*** Opening Supplied information ***

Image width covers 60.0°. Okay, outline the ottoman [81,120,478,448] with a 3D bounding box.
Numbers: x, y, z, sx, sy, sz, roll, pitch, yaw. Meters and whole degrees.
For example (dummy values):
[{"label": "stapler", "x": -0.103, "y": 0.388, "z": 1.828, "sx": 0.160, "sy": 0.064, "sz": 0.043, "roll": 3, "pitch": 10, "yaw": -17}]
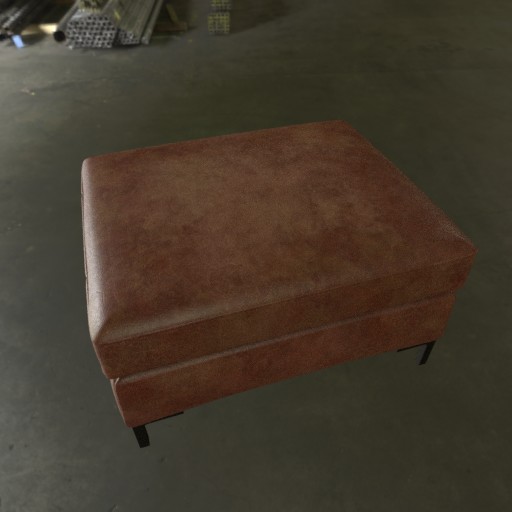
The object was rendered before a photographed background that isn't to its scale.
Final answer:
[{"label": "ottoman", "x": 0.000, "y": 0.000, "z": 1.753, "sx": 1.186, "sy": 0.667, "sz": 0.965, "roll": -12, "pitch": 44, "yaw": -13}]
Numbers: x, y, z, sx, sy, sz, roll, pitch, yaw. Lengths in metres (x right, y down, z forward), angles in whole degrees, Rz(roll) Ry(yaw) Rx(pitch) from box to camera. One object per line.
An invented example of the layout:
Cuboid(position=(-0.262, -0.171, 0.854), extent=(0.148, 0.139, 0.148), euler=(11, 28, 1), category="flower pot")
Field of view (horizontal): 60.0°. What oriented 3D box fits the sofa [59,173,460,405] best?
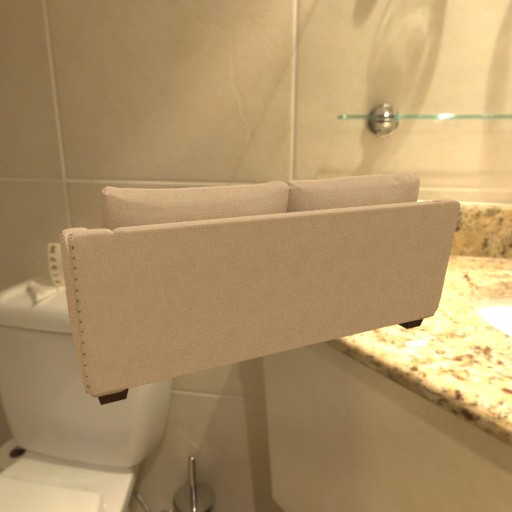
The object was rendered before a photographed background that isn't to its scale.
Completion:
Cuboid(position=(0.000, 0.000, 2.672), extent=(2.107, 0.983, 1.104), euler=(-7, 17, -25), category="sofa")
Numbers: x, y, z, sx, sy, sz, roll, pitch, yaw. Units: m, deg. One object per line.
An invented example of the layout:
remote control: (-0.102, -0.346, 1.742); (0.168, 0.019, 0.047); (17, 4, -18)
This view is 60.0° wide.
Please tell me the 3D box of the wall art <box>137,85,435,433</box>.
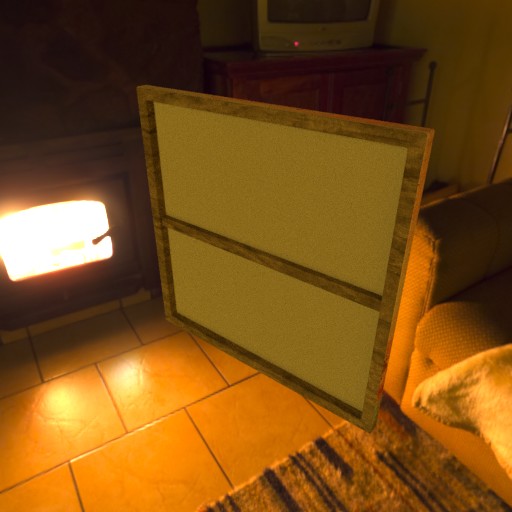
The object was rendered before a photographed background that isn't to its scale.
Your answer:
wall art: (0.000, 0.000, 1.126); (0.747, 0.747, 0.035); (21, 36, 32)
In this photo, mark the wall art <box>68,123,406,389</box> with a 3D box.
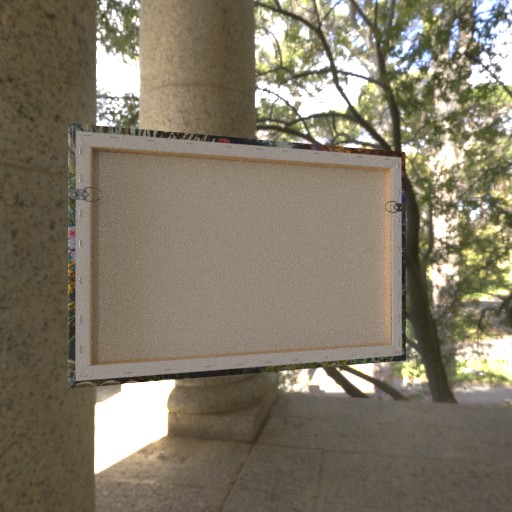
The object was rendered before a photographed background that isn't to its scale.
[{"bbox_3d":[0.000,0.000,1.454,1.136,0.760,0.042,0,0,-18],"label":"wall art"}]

*** Closing Supplied information ***

■ What is expected ■
All lines with the word "whole" need to be copied from the data above.

■ Output of the task ■
Numbers: x, y, z, sx, sy, sz, roll, pitch, yaw. Meters and whole degrees.
Numbers: x, y, z, sx, sy, sz, roll, pitch, yaw. Lengths in metres (x right, y down, z forward), angles in whole degrees, Rz(roll) Ry(yaw) Rx(pitch) from box to camera. One object per line.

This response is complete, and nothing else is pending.